Fraud varies across product category and company size. By way of instance, mid-market and business, multichannel merchants experience higher fraud rates compared to small online sellers. There are a number of possible reasons for this including the fact that small online retailers managing relatively few orders frequently review each order manually.
Retailers selling jewelry or electronics may experience more strikes than sellers of different types, such as apparel.
Forter notes that ecommerce fraud prices can rise during the holiday season — the third and fourth quarter of this calendar year. Some kinds of fraud may also be popular in the first quarter, when many merchants are handling returns.
In every instance, there are a number of things your company can do to help prevent fraud. This begins with understanding tendencies. Two notable examples this holiday season are account takeovers and voucher abuse.
Account takeover fraud is a kind of identity theft, wherein a criminal gains access to a registered client’s account and poses as that trusted and known shopper.
Account takeovers can be especially damaging because the merchant could lose both the fraudulently ordered product and the shopper whose account has been compromised.
After a criminal can log with a true client’s account credentials, that criminal may use saved payment methods to purchase things; get into a loyalty program; or just place orders using stolen payment cards in the hope of bypassing any fraud prevention software a shop could be using.
This specific kind of fraud is both costly and on the upswing. Javelin Strategy & Research reported that a three-fold increase in account takeover losses. Fraud prevention program manufacturer Sift Science noted that account takeovers cost the industry about $5.1 billion in 2017. And with respect to the increase of account takeovers, the fifth edition of this Forter MRC Fraud Attack Index reported a close 35 percent growth in account takeover attacks for the first two quarters of 2020.
To protect your organization, watch for changes in client behaviour. By way of instance, if a shopper who has employed the identical payment card for the past several orders suddenly starts using new payment cards and various names, take a look. If your organization’s ecommerce platform, order management applications, or fraud prevention programs permit it, flag unusual account behavior for human inspection.

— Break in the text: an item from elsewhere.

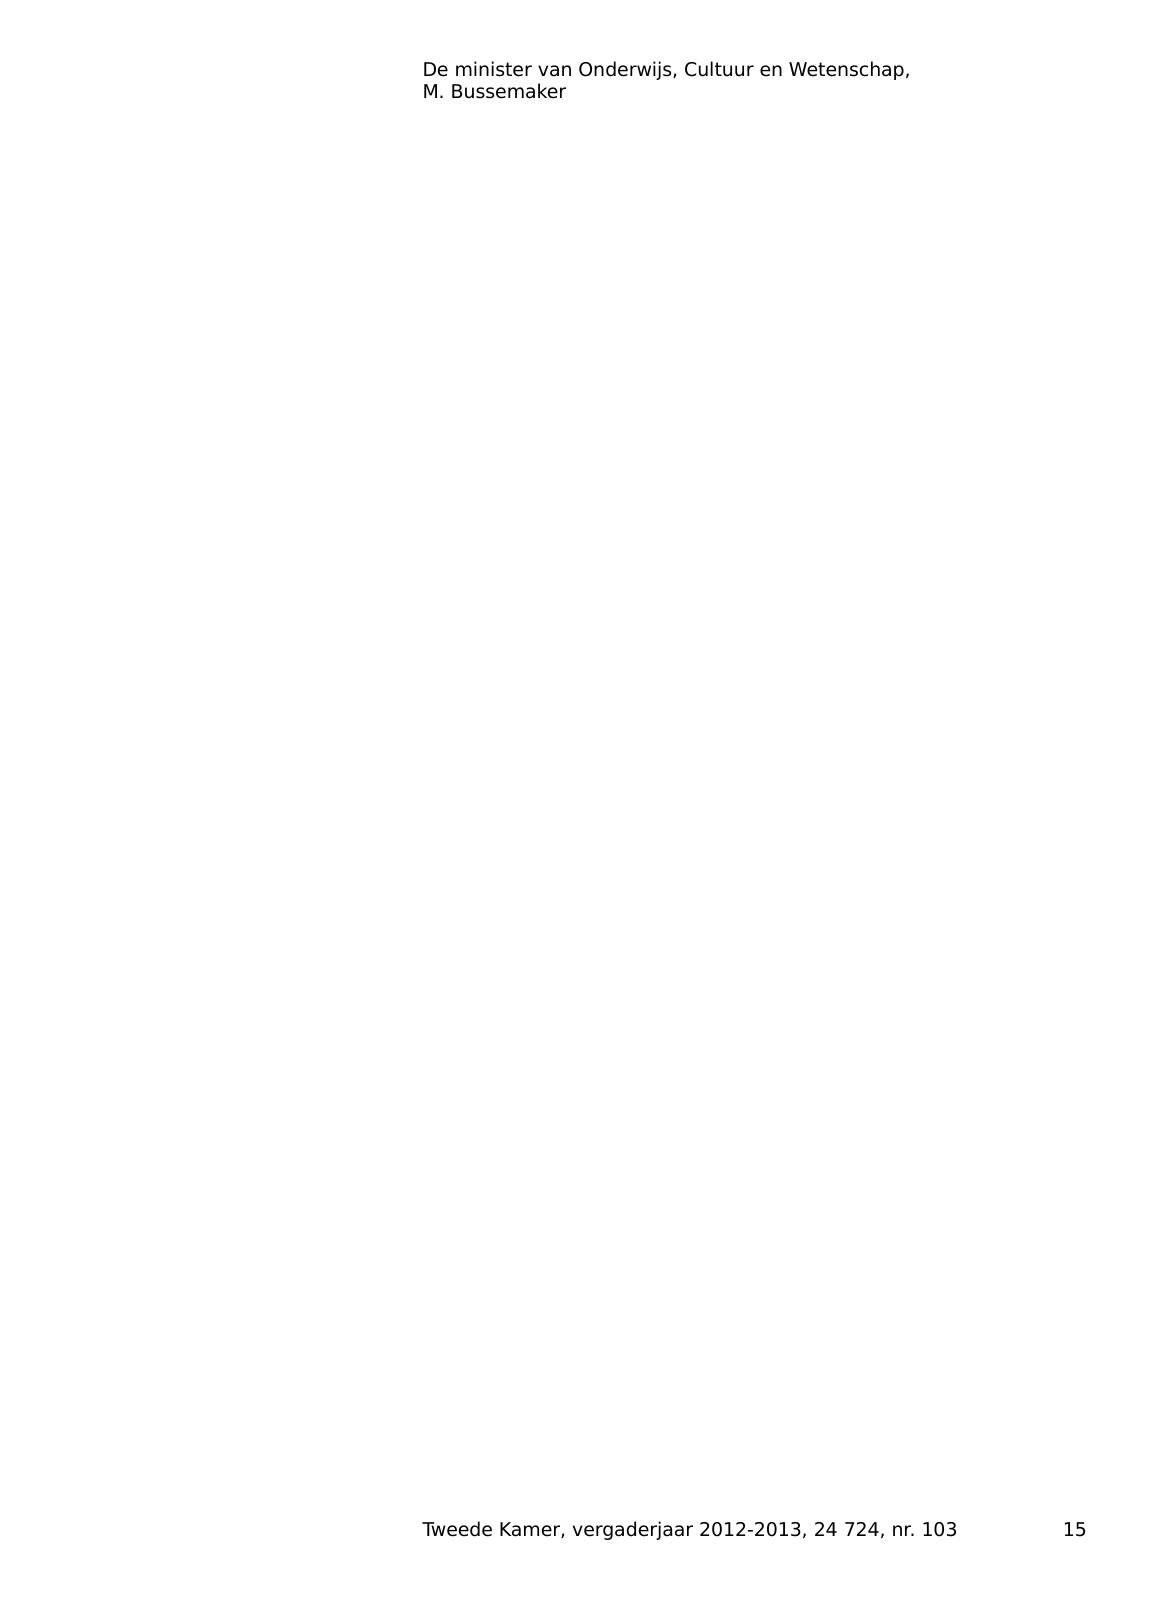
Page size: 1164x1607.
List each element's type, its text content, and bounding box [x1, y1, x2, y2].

Oftentimes, coupon abuse is a kind of so-called favorable fraud, meaning it is a customer as opposed to a professional criminal who’s the perpetrator.
Imagine, within your Cyber Monday promotions, your online shop issues a coupon code via email offering a free 32-inch tv whenever someone buys a PlayStation game console.
The coupon code is limited to a single client. Your online shop is breaking on the transaction, so you won’t earn any profit if the shopper buys just the PlayStation. Rather your expectation is that the client will get a few other, possibly high-margin, items also.
The important thing here is that the voucher is limited to a free television per client.
Enter a grandma in Des Moines. She sees the deal and thinks she deserves it not only once, but four times so that she can find the deal for all her grandchildren. When she tries to purchase all four, your company’s ecommerce platform reminds her of the one-per-customer limit. So she cheats.
Granny generates four accounts, using her home address for her work speech for another, etc. She even produces a few new Gmail addresses for this purpose. She feels great. In her opinion, she got the bargain she deserved. But in fact, she dedicated coupon or coverage fraud and robbed your enterprise.
This may sound insignificant because she did purchase the PlayStations. However, it’s also coupon abuse. And according to the aforementioned Forter MRC Fraud Attack Index, coupon abuse climbed 217 percent in the first quarter of 2020.
To protect your organization, monitor coupon usage carefully. In the case of our hypothetical grandma, two or more of those PlayStation-television combinations might have been destined for the exact shipping address. And in each instance, she would have needed to use a real name and payment card. So it might have been that one payment card has been associated with more than 1 customer account.
In short, if something seems strange, take a look.
Obliterate Payment Fraud
Based upon your organization’s industry segment, you might be losing 2% of earnings or more to some kind of fraud this holiday season. That quickly adds up to lots of money — so much so that it can make sense to invest in a fraud prevention services.
There are quite a few great options, such as Kount, Sift Science, Forter, LexisNexis Risk Solutions, Riskifed, and a lot more.
A fantastic fraud prevention service will think about a shopper’s purchase rate, IP address, current behaviour across multiple ecommerce websites around the world, and a number of other data points, providing your company with a score for every purchase. It is possible to set rules around this flag and score or reject orders that are probably fraudulent.